Regeling subsidie vaste lasten financiering COVID-19 (TVL)
Artikel 2.3.2, eerste en tweede lid onder a
1. De minister verstrekt op aanvraag eenmalig een subsidie aan een getroffen MKB-onderneming om bij te dragen aan de financiering van de vaste lasten in de maanden april, mei en juni van 2021.
2. De subsidie wordt enkel verstrekt aan een MKB-onderneming:
a. waarvan het omzetverlies ten minste 30% bedraagt;
(…)
Artikel 2.3.3
1. Het omzetverlies wordt berekend door het verschil tussen de omzet in de referentieperiode en de omzet in de subsidieperiode te bepalen en deze te delen door de omzet in de referentieperiode. De uitkomst van deze berekening wordt uitgedrukt in procenten.
2. De omzet in de referentieperiode is naar keuze van de aanvrager: de omzet in het tweede kalenderkwartaal van 2019 of de omzet in het derde kalenderkwartaal van 2020.
3. In afwijking van het tweede lid is de omzet in de referentieperiode voor een getroffen MKB-onderneming die na 31 maart 2019 voor de eerste maal is ingeschreven in het handelsregister naar keuze van de aanvrager: de omzet in het derde kalenderkwartaal van 2020 of de omzet in het eerste gehele kalenderkwartaal volgend op de maand van de inschrijving in het handelsregister.
4. De omzet in de subsidieperiode is de omzet in het tweede kalenderkwartaal van 2021.

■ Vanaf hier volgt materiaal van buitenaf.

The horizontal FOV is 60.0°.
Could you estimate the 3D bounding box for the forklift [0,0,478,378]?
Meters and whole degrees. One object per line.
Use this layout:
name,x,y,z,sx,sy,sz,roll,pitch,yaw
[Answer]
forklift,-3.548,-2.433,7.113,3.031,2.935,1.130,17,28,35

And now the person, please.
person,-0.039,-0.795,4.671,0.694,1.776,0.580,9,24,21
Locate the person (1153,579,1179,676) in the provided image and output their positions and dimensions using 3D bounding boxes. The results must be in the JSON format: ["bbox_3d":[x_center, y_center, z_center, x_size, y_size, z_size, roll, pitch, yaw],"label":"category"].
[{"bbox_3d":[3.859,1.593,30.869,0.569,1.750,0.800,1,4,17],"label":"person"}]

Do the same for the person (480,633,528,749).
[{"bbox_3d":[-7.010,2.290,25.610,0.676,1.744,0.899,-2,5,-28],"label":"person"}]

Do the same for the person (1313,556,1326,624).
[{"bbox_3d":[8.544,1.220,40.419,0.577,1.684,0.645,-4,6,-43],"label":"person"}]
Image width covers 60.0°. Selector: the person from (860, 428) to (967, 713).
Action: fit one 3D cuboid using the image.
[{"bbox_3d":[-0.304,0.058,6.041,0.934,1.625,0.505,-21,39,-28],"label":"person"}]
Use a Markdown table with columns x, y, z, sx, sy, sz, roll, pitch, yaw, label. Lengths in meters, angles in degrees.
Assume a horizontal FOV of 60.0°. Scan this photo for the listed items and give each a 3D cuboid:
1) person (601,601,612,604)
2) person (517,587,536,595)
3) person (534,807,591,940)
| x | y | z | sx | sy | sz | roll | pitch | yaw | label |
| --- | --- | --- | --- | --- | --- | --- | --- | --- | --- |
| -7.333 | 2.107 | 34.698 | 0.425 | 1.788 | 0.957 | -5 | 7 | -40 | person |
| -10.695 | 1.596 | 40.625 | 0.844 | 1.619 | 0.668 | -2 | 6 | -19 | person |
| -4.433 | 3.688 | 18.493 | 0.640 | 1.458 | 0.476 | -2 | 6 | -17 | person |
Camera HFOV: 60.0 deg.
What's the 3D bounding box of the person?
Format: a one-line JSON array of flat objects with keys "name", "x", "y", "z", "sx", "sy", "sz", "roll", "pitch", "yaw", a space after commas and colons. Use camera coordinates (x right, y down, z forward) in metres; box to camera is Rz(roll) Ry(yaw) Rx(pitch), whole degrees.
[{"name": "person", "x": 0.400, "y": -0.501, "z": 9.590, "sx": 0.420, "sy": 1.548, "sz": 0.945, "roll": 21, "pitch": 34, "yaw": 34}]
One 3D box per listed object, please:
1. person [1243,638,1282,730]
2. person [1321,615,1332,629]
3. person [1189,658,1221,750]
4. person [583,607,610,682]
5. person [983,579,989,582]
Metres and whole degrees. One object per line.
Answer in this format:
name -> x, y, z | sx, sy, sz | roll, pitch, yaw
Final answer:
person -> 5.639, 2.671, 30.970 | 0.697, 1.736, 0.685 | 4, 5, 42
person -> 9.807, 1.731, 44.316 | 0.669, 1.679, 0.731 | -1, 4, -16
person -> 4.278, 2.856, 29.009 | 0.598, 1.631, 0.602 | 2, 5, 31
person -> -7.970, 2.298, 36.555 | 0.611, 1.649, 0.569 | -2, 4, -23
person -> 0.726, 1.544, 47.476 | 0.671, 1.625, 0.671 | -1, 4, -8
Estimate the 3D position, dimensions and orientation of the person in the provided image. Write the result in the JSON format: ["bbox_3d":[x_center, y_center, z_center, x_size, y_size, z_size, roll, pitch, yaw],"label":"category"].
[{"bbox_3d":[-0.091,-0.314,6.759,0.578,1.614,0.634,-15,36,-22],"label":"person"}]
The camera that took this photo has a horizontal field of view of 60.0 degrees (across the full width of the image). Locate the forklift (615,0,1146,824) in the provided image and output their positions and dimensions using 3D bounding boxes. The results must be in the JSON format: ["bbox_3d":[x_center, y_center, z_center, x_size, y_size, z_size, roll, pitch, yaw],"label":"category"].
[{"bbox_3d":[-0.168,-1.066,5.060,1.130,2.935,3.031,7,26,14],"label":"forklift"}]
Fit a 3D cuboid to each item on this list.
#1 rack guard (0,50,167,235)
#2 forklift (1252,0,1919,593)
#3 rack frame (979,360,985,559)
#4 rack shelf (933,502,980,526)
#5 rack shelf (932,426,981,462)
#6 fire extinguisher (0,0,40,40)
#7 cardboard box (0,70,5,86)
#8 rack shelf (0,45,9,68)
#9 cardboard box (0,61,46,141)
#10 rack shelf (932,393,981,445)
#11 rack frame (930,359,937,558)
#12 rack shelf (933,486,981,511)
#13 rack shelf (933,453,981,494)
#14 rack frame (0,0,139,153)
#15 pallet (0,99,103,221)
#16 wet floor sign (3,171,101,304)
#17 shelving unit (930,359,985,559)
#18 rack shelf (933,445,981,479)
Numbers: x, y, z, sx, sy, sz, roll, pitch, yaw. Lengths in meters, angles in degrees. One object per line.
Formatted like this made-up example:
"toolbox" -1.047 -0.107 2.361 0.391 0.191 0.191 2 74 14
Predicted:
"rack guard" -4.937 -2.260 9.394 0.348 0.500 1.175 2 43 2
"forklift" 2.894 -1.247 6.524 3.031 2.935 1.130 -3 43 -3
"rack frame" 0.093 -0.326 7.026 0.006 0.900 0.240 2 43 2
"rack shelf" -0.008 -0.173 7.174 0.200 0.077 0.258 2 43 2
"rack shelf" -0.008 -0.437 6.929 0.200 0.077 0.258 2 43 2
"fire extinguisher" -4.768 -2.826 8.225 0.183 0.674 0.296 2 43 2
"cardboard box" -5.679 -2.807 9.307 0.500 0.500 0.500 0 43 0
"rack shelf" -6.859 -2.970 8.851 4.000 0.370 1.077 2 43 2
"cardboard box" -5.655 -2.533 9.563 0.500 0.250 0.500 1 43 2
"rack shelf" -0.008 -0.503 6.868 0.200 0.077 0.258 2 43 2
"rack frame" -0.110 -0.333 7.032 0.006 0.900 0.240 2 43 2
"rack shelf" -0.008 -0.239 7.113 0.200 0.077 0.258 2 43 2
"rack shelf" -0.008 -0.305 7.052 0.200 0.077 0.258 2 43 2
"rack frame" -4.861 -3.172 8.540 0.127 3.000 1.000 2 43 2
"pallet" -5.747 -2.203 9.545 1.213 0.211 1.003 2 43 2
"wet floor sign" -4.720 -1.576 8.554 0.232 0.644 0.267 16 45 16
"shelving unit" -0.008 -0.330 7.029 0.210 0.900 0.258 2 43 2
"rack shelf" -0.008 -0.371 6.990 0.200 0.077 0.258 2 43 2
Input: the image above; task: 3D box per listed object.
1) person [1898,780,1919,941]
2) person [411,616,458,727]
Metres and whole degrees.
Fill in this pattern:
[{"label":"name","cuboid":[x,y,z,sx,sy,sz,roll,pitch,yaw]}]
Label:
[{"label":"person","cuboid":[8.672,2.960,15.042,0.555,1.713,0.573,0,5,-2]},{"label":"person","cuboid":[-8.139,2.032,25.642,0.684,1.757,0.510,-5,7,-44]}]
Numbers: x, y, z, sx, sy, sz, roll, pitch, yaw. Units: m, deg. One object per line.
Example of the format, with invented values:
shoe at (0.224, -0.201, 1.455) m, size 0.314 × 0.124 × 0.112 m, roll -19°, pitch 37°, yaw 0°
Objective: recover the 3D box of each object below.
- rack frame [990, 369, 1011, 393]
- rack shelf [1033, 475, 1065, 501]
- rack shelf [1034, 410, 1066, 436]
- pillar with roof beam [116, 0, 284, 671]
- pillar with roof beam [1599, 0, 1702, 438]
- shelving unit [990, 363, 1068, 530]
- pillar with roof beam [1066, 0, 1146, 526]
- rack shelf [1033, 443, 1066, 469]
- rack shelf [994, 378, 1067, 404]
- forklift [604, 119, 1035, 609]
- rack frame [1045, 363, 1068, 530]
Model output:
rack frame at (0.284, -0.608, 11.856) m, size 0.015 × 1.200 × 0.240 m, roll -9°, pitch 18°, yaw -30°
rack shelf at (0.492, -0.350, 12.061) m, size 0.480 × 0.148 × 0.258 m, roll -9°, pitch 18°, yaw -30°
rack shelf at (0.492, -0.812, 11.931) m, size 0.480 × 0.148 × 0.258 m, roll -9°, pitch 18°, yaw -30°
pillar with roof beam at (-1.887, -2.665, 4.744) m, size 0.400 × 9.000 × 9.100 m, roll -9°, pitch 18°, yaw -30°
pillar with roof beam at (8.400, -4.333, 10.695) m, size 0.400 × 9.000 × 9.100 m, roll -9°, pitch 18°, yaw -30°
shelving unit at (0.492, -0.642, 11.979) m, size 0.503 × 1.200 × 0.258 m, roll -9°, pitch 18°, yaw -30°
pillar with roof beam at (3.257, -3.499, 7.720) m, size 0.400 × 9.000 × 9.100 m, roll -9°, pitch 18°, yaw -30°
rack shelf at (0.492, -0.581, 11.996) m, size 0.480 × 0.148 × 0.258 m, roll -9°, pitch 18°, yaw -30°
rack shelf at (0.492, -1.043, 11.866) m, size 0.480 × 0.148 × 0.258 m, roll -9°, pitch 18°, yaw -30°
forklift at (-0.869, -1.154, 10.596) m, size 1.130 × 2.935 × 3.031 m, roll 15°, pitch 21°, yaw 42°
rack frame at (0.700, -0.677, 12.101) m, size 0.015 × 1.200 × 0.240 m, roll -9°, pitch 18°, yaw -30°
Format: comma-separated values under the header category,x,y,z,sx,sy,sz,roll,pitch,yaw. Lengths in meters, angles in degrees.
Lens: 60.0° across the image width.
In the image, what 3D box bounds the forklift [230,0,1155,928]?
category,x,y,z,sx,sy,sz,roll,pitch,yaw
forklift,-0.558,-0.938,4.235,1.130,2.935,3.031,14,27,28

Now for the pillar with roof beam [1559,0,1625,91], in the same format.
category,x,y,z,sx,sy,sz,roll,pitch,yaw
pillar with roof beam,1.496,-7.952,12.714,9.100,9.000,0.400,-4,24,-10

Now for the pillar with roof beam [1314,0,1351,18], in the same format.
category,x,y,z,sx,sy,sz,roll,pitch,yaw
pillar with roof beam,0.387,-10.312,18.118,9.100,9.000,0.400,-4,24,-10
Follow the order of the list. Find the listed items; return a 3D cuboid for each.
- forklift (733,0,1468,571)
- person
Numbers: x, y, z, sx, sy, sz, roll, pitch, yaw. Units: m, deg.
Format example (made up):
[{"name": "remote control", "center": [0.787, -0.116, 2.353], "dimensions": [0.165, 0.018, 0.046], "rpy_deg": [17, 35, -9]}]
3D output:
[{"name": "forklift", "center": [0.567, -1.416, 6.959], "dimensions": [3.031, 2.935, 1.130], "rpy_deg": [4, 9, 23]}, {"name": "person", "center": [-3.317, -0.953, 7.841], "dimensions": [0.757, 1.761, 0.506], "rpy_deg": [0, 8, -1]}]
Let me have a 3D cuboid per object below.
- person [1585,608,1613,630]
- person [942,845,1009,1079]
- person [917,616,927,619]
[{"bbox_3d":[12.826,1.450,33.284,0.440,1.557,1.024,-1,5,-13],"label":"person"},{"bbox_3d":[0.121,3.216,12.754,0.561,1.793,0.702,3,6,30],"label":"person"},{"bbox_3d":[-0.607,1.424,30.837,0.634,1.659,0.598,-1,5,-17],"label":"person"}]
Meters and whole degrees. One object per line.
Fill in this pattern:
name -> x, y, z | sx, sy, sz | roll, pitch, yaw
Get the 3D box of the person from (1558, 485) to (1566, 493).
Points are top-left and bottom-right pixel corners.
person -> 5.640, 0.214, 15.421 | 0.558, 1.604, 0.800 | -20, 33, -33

5. Als omzet van de getroffen MKB-onderneming wordt beschouwd het bedrag ten aanzien waarvan de getroffen MKB-onderneming aangifte doet voor de omzetbelasting, overeenkomstig het bepaalde bij en krachtens de Wet op de omzetbelasting 1968. Tevens wordt als omzet beschouwd omzet die niet in een aangifte omzetbelasting gerapporteerd wordt, maar op eenvoudige en duidelijke wijze blijkt uit de financiële administratie of uit een ander bewijsstuk van de getroffen MKB-onderneming.
(…)
Artikel 2.3.6, eerste lid, onder a
1. De minister beslist afwijzend op een aanvraag:
a. indien de aanvraag niet voldoet aan de bij deze regeling gestelde regels;
(…)

Voetnoten

1.Brieven aan pp. van 25 mei 2023.
2.Brieven aan pp. van 31 augustus 2023.